4. Set Money Aside for Taxes
Getting your ducks in a row for tax season can be challenging, frustrating, and a few other adjectives we’d rather not spell out. Something as minor as a lost bill or receipt can have a damaging effect on your tax filing process and may even get you into big trouble.
Nobody likes paying taxes but the reality is, none of us can avoid it. The government isn’t forgiving; when you owe, you owe, and you don’t want to be blindsided by an expense you didn’t expect or see coming. Your rates will be different depending on your location, but the general rule of thumb is to set aside at least thirty-five percent of your income for taxes.
“Don’t neglect your taxes. I can’t stress that enough. It’s tempting to think, ‘I’ll just write off a bunch of expenses and that will cover it.’ Sometimes it won’t, and you should definitely be putting money aside for [your taxes],” says Izabela. Holly agrees. “Do your taxes as early as possible, that way there will be no nasty surprises and you can forecast how much extra income you may need to cover when the payment is due.”
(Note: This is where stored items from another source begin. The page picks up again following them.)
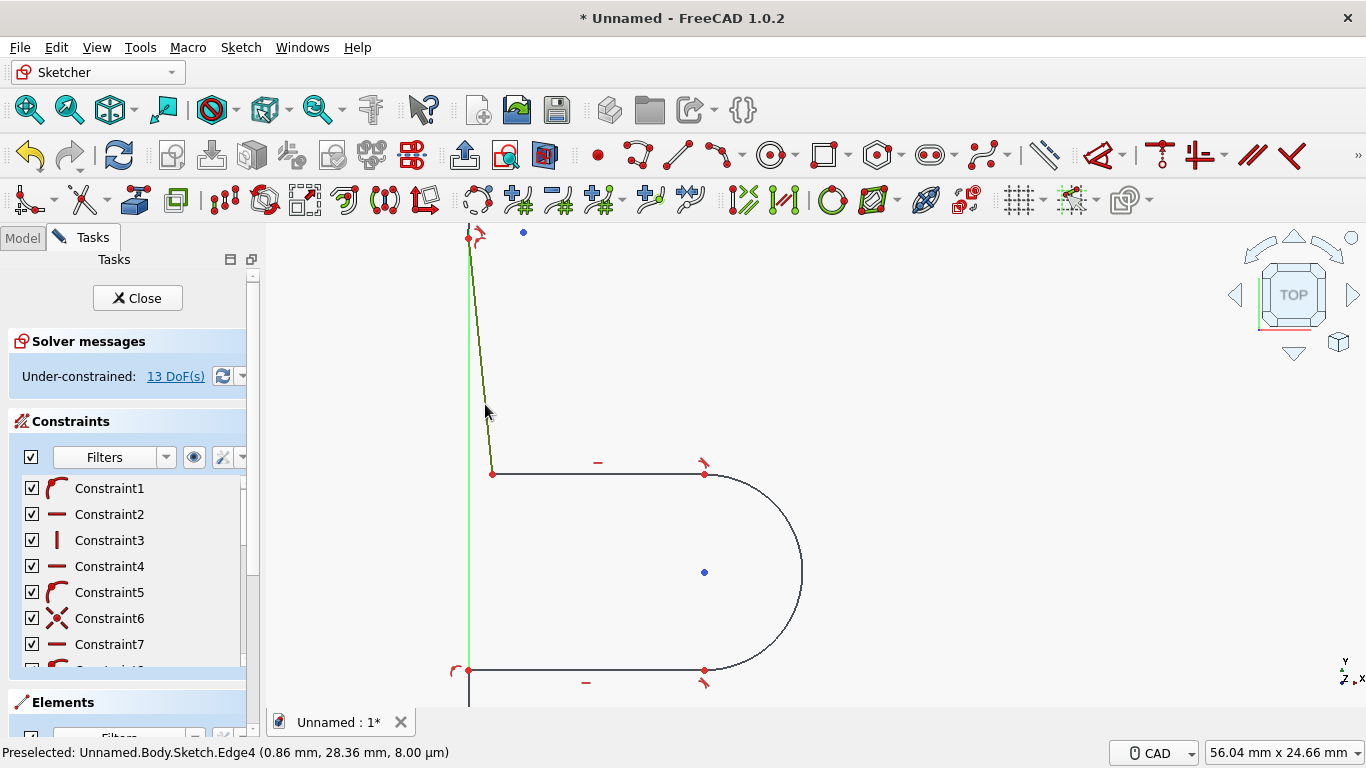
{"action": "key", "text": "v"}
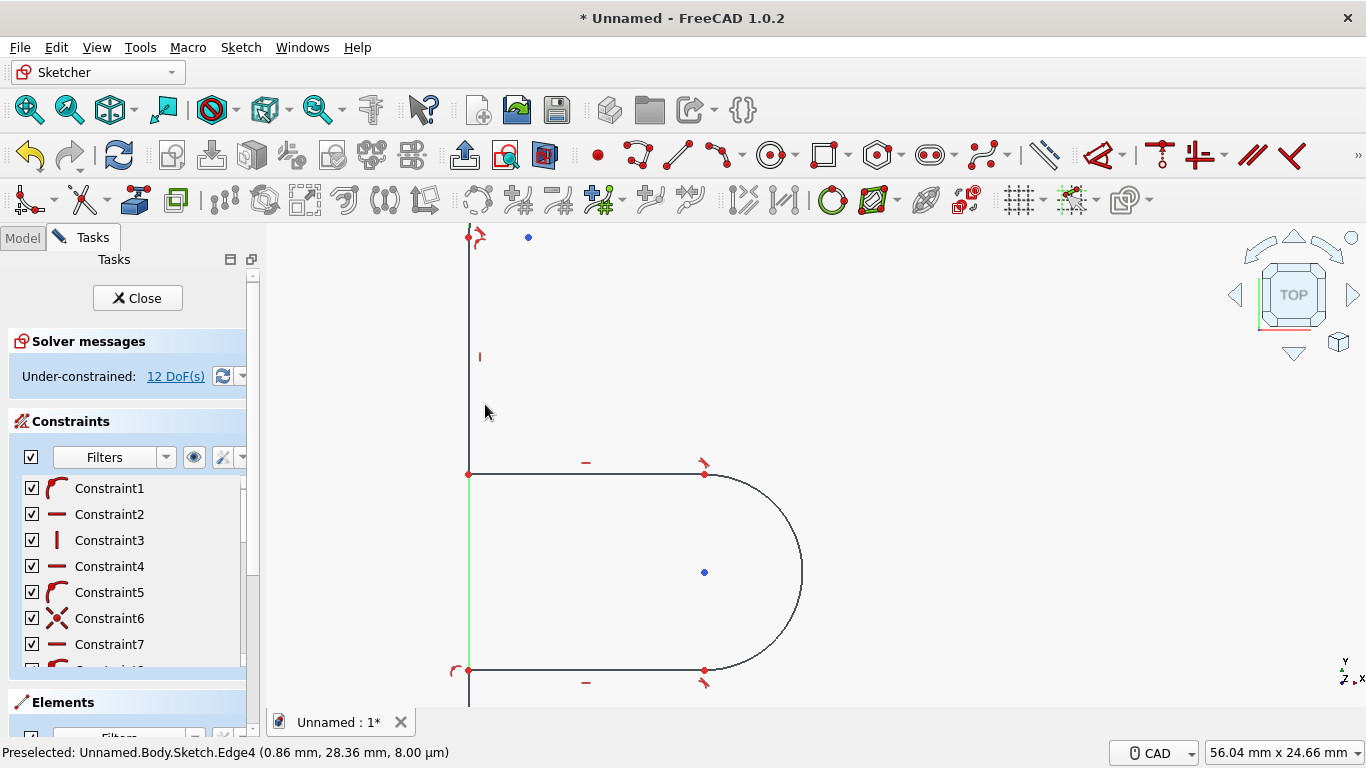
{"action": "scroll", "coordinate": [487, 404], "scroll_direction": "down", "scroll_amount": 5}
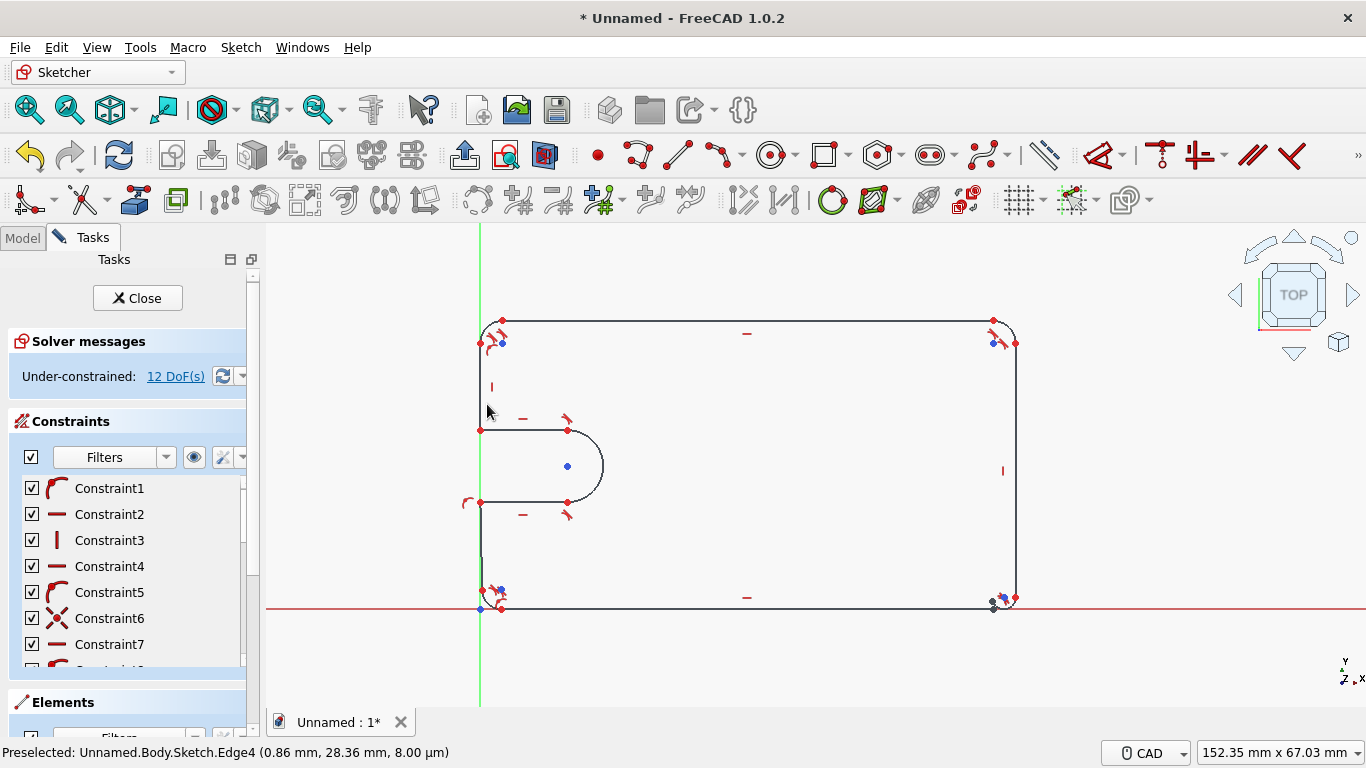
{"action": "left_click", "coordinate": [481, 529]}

5. Make Sure You’re Getting Paid
There’s nothing that feels as good as knowing you’ve made a client happy with your services. Except of course, knowing that they paid their invoice for said services on time.
When you’re running your own process service business, client payments are your lifeline. If your invoices don’t get paid, your bills don’t get paid, and if your bills don’t get paid, your business can’t run. One of the most important things you can do as a process server is to have a clear and defined payment policy in place. Your clients should know what payments are due, when they’re due, how they can be paid, and what happens if payments are late or missed. You can’t force anyone to make a payment, but what you can do is:
Ancil Payne, who runs a process service business in Texas, helps us understand why getting your clients to pay on time is so important. “The hardest part financially of running your own process serving business is the unpredictability of client payments. In the beginning, when clients aren’t paying on time, you find yourself paying out everyone else, leaving you with just enough to keep your doors open. [When clients pay you late] you may find yourself incurring debts because you’re paying your own loans or bills late.”
Running a process service business isn’t easy; that’s why not everyone can do it. Successful entrepreneurship requires focus, dedication, and passion, and of course, a few ways to deal with the ups and downs of your cash flow. We’ve tried to help with the latter so you can spend more time focusing on the former.